L’objectif de cette thèse n’est pas de porter un regard critique sur la génopolitique. D’autres chercheurs ont déjà émis leurs réserves concernant soit la validité de certaines des méthodes utilisées (Shultziner 2013, Charney et English 2012a, Stewart 2014), soit l’attitude d’entêtement des chercheurs en génopolitique, une attitude qui, toujours selon la critique, mène ces chercheurs à abaisser leurs normes de rigueur scientifique (Charney et English 2013). D’autres ont remis en question la pertinence de s’attarder à l’influence de la génétique sur les traits politiques ainsi que l’apport réel de ce champ de recherche à la discipline (Bartels 2013).

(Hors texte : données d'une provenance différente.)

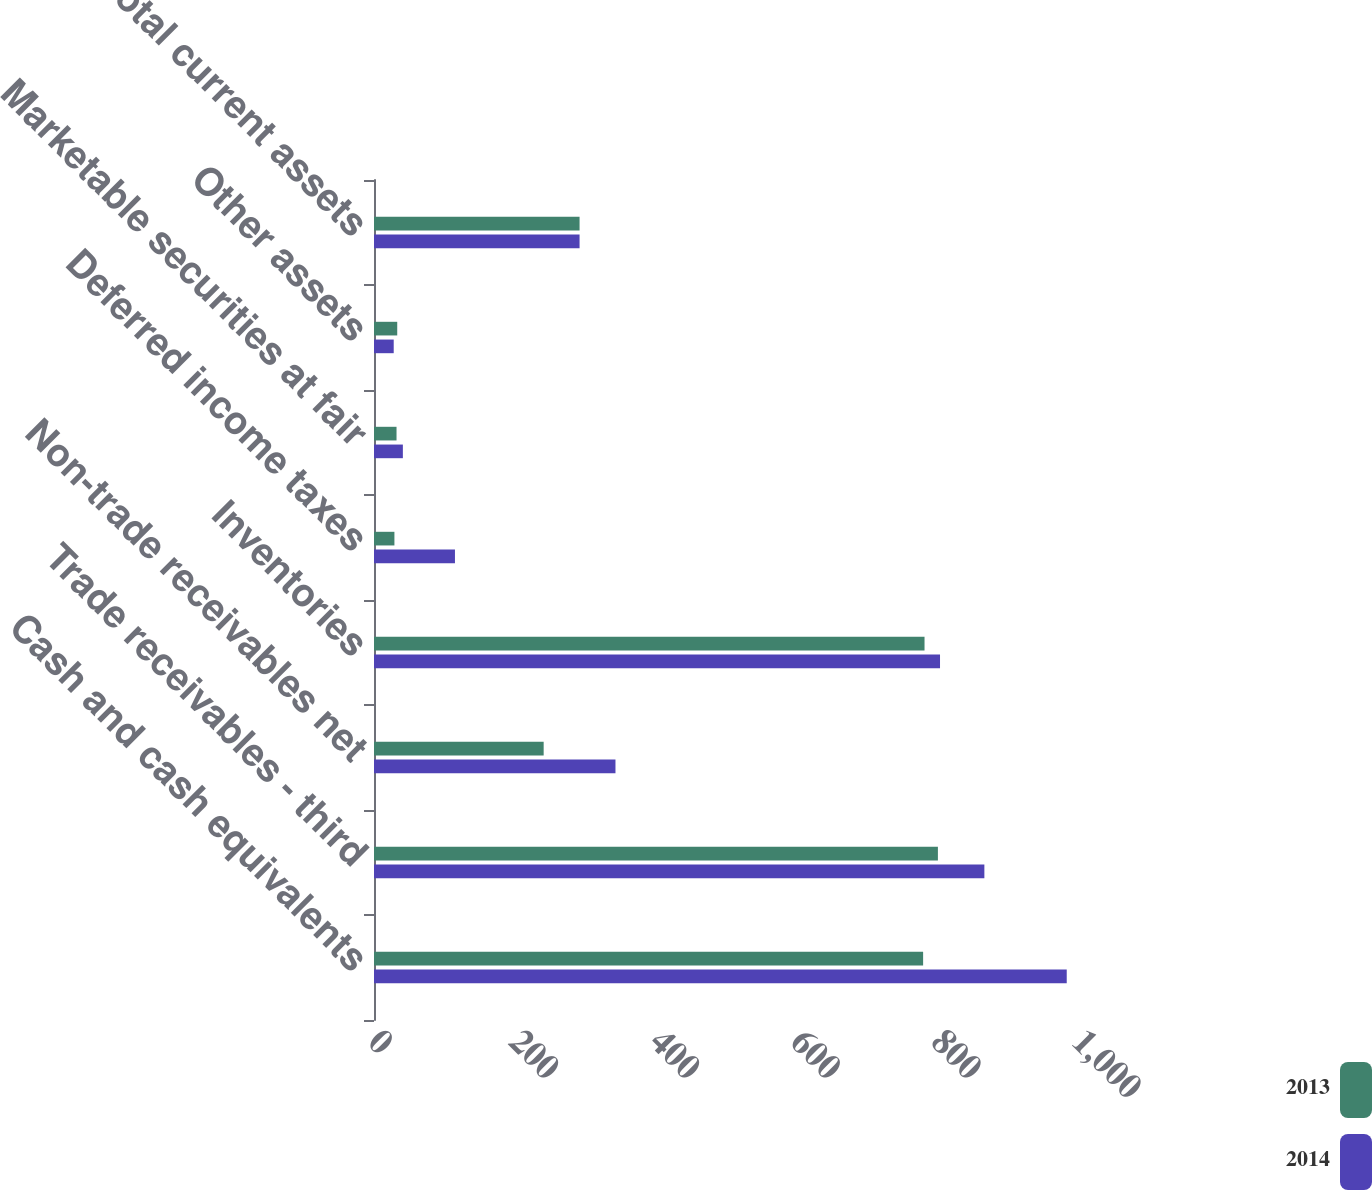Convert chart to OTSL. <chart><loc_0><loc_0><loc_500><loc_500><stacked_bar_chart><ecel><fcel>Cash and cash equivalents<fcel>Trade receivables - third<fcel>Non-trade receivables net<fcel>Inventories<fcel>Deferred income taxes<fcel>Marketable securities at fair<fcel>Other assets<fcel>Total current assets<nl><fcel>2013<fcel>780<fcel>801<fcel>241<fcel>782<fcel>29<fcel>32<fcel>33<fcel>292<nl><fcel>2014<fcel>984<fcel>867<fcel>343<fcel>804<fcel>115<fcel>41<fcel>28<fcel>292<nl></chart> 
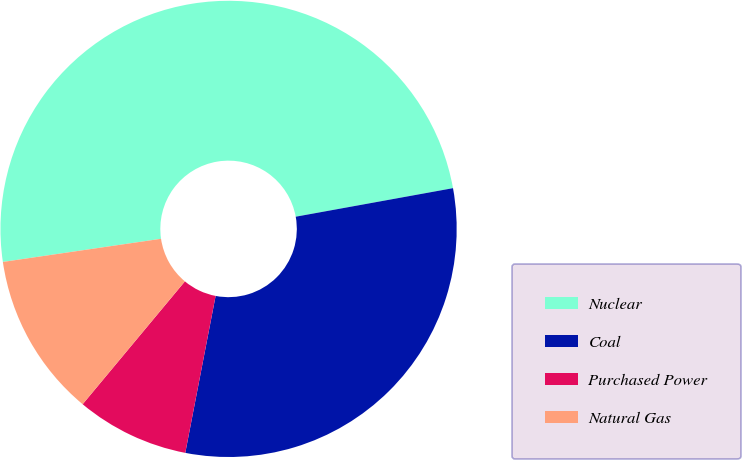Convert chart to OTSL. <chart><loc_0><loc_0><loc_500><loc_500><pie_chart><fcel>Nuclear<fcel>Coal<fcel>Purchased Power<fcel>Natural Gas<nl><fcel>49.46%<fcel>30.9%<fcel>8.01%<fcel>11.64%<nl></chart> 
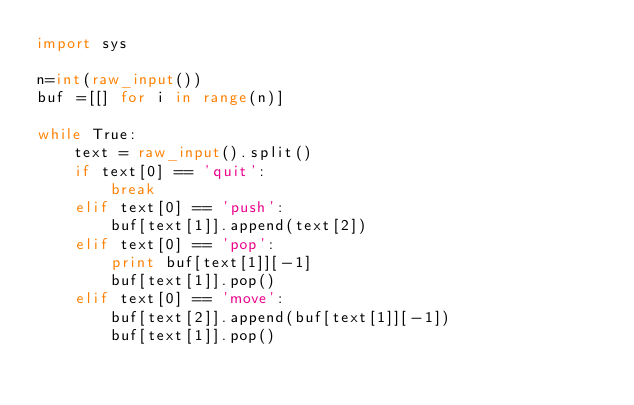<code> <loc_0><loc_0><loc_500><loc_500><_Python_>import sys

n=int(raw_input())
buf =[[] for i in range(n)]

while True:
    text = raw_input().split()
    if text[0] == 'quit':
        break
    elif text[0] == 'push':
        buf[text[1]].append(text[2])
    elif text[0] == 'pop':
        print buf[text[1]][-1]
        buf[text[1]].pop()
    elif text[0] == 'move':
        buf[text[2]].append(buf[text[1]][-1])
        buf[text[1]].pop()</code> 
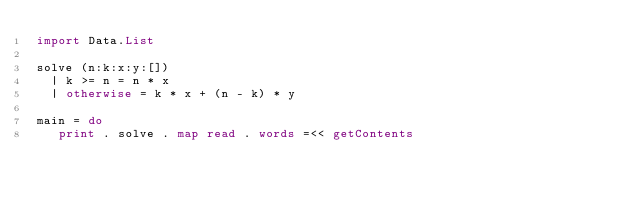Convert code to text. <code><loc_0><loc_0><loc_500><loc_500><_Haskell_>import Data.List

solve (n:k:x:y:[])
  | k >= n = n * x
  | otherwise = k * x + (n - k) * y

main = do
   print . solve . map read . words =<< getContents
</code> 
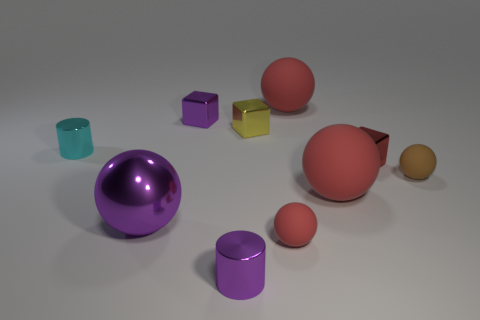How does the lighting in the image affect the appearance of the objects? The lighting in the image is soft and appears to be coming from the upper right, casting subtle shadows to the lower left of the objects. It accentuates the three-dimensionality of each object and gives a sense of depth to the scene. The lighting also produces gentle reflections on the shinier surfaces, further highlighting their geometric properties. 
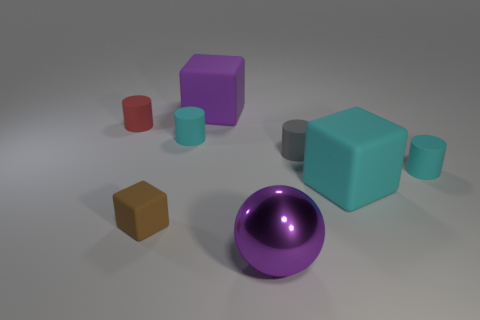Subtract all small cubes. How many cubes are left? 2 Add 1 balls. How many objects exist? 9 Subtract all spheres. How many objects are left? 7 Subtract 1 spheres. How many spheres are left? 0 Add 2 small gray cylinders. How many small gray cylinders exist? 3 Subtract all red cylinders. How many cylinders are left? 3 Subtract 1 purple spheres. How many objects are left? 7 Subtract all gray cubes. Subtract all green cylinders. How many cubes are left? 3 Subtract all gray spheres. How many gray blocks are left? 0 Subtract all purple things. Subtract all large purple balls. How many objects are left? 5

Cette thèse abordera plutôt une question qui n’a pas encore été soulevée dans la littérature. Comme on l’a mentionné, la recherche en génopolitique a suscité un intérêt considérable de la part des journalistes scientifiques, lesquels ont choisi d’apporter certaines

de ses conclusions à l’attention du public. Malgré la grande pertinence sociale de plusieurs recherches en science politique, force est d’admettre qu’il est relativement rare que ses travaux fassent les manchettes, ou du moins qu’elles rejoignent un public aussi large que celui atteint par les nouvelles portant sur la génopolitique. Une question fort intéressante reste toujours sans réponse : comment le public exposé à la génopolitique a-t-il interprété ses conclusions?

D’autres disciplines des sciences sociales observent en leur sein l’émergence de champs de recherche qui entreprennent d’étudier l’influence de la génétique. C’est le cas de l’économie et de la sociologie, où certains développements en génétique des comportements ont également fait l’objet d’une couverture médiatique (Kuhnen et Chiao 2009, Freese 2008). Mes travaux vérifient si l’exposition à ce type de nouvelles a un impact sur les croyances des gens à l’égard de l’influence de la génétique.